I1209 03:51:37.075114       1 controllermanager.go:127] Version: v0.0.0-master+$Format:%h$
W1209 03:51:37.075575       1 openstack.go:306] failed to read config: Unsupported LoadBalancer Provider: ovn
F1209 03:51:37.075641       1 controllermanager.go:131] Cloud provider could not be initialized: could not init cloud provider "openstack": Unsupported LoadBalancer Provider: ovn
goroutine 1 [running]: 
bshephar commented 3 years ago

Hmm, not too sure why that test is failing. Is it possible to get more info from this check?

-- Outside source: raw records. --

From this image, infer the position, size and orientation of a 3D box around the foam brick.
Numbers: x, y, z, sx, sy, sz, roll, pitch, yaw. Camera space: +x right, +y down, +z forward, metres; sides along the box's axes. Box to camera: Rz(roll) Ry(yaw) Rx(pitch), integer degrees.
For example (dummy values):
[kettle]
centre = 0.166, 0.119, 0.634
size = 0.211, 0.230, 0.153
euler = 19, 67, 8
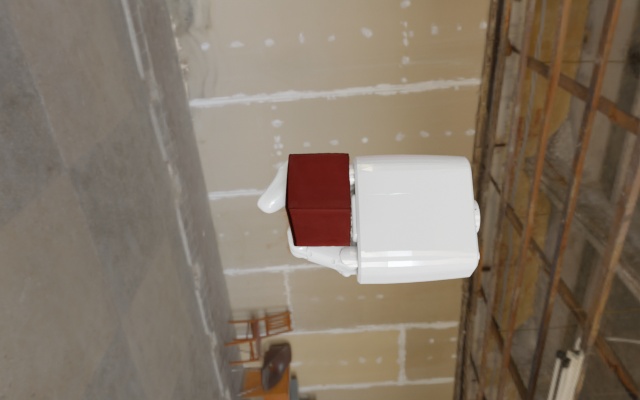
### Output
[foam brick]
centre = 0.000, 0.001, 0.408
size = 0.051, 0.053, 0.078
euler = 0, -28, 3
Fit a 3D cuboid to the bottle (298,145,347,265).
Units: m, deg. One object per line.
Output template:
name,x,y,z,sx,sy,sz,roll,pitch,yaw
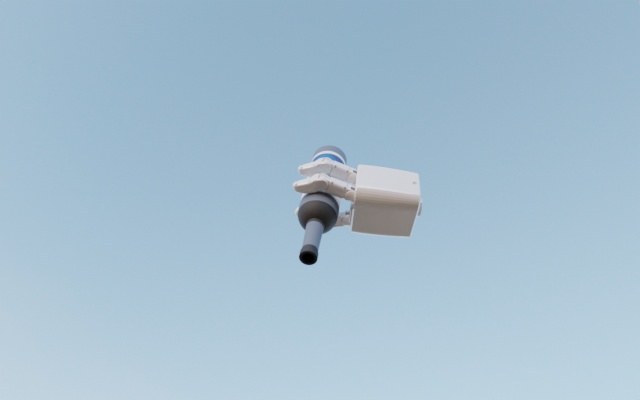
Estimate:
bottle,0.000,0.003,0.809,0.069,0.069,0.295,0,33,8
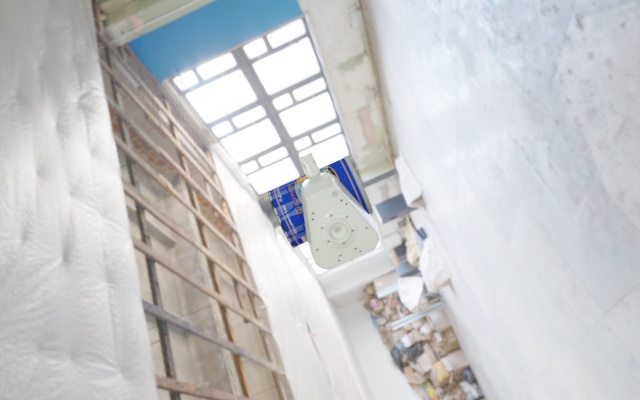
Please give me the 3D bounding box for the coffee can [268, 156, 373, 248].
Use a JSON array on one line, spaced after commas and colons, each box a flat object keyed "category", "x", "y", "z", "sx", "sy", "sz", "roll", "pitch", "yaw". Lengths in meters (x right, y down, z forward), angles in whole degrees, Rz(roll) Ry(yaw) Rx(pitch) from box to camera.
[{"category": "coffee can", "x": 0.000, "y": 0.002, "z": 0.772, "sx": 0.140, "sy": 0.103, "sz": 0.103, "roll": -24, "pitch": -1, "yaw": 1}]
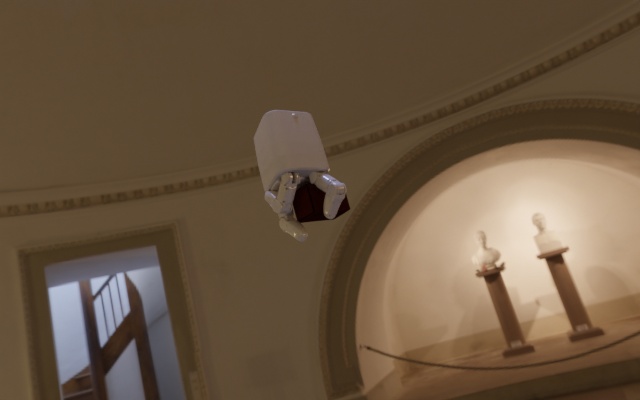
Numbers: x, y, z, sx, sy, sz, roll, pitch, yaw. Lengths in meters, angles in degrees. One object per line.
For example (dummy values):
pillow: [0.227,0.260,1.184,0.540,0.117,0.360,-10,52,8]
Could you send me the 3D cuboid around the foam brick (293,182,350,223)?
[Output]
foam brick: [0.000,0.003,0.792,0.078,0.051,0.053,-3,-19,-39]
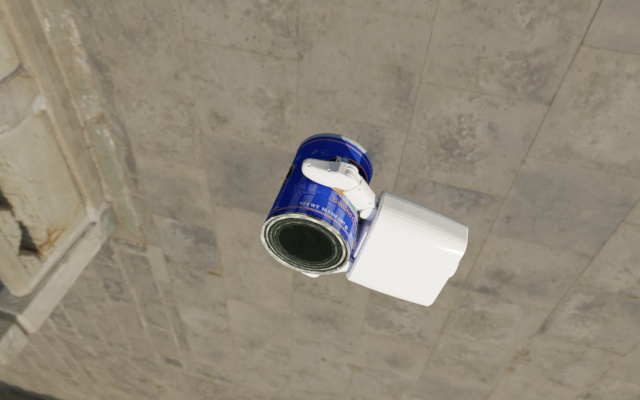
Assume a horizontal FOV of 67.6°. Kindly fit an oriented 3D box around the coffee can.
[{"bbox_3d":[0.000,0.002,0.571,0.103,0.103,0.140,0,44,21],"label":"coffee can"}]
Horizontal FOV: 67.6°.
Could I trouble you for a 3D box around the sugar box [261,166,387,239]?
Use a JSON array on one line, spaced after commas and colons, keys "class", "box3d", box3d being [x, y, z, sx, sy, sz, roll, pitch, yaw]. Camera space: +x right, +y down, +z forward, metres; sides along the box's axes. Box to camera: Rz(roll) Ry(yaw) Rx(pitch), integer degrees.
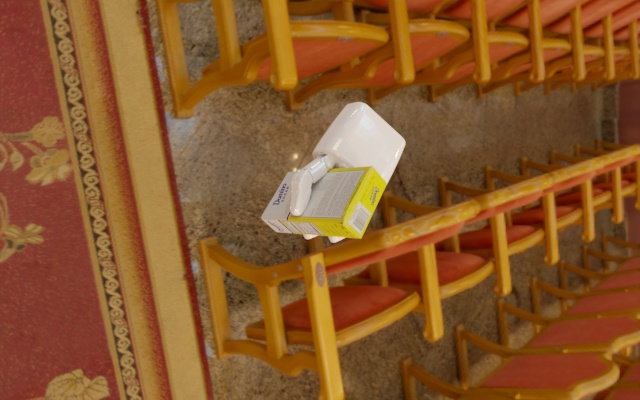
[{"class": "sugar box", "box3d": [0.001, 0.002, 0.679, 0.176, 0.093, 0.048, -1, -37, 49]}]

https://logs.openlabtesting.org/logs/44/1344/0b75c75f8b258edf131dea106ed5e4f53c96c7c2/cloud-provider-openstack-acceptance-test-lb-octavia/cloud-provider-openstack-acceptance-test-lb-octavia/7fd0fa1/job-output.txt.gz

2020-12-09 04:27:44.815992 | TASK [Wait for openstack-cloud-controller-manager up and running]
2020-12-09 04:32:37.756204 | ubuntu-bionic | ERROR
2020-12-09 04:32:37.756822 | ubuntu-bionic | {
2020-12-09 04:32:37.756913 | ubuntu-bionic |   "attempts": 24,
2020-12-09 04:32:37.756992 | ubuntu-bionic |   "delta": "0:00:06.699446",
2020-12-09 04:32:37.757115 | ubuntu-bionic |   "end": "2020-12-09 04:32:37.701453",
2020-12-09 04:32:37.757191 | ubuntu-bionic |   "msg": "non-zero return code",
2020-12-09 04:32:37.757264 | ubuntu-bionic |   "rc": 1,
2020-12-09 04:32:37.757373 | ubuntu-bionic |   "start": "2020-12-09 04:32:31.002007"
2020-12-09 04:32:37.757447 | ubuntu-bionic | }

Little more info:

"hosts": {
                        "ubuntu-bionic": {
                            "action": "command",
                            "attempts": 24,
                            "changed": true,
                            "cmd": "set -o pipefail\nsleep 5\nexport KUBECONFIG=/home/zuul/.kube/config\nkubectl -n kube-system get po | grep openstack-cloud-controller-manager | grep Running\n",
                            "delta": "0:00:06.699446",
                            "end": "2020-12-09 04:32:37.701453",
                            "failed": true,
                            "invocation": {
                                "module_args": {
                                    "_raw_params": "set -o pipefail\nsleep 5\nexport KUBECONFIG=/home/zuul/.kube/config\nkubectl -n kube-system get po | grep openstack-cloud-controller-manager | grep Running\n",
                                    "_uses_shell": true,
                                    "argv": null,
                                    "chdir": null,
                                    "creates": null,
                                    "executable": "/bin/bash",
                                    "removes": null,
                                    "stdin": null,
                                    "warn": false,
                                    "zuul_log_id": "fa163ef5-08f0-9bd5-2c7a-00000000001f-ubuntubionic"
                                }
                            },
                            "msg": "non-zero return code",
                            "rc": 1,
                            "start": "2020-12-09 04:32:31.002007",
                            "stderr": "",
                            "stderr_lines": [],
                            "stdout": "",
                            "stdout_lines": [],
                            "zuul_log_id": "fa163ef5-08f0-9bd5-2c7a-00000000001f-ubuntubionic"

Do we collect logs from these pods somewhere?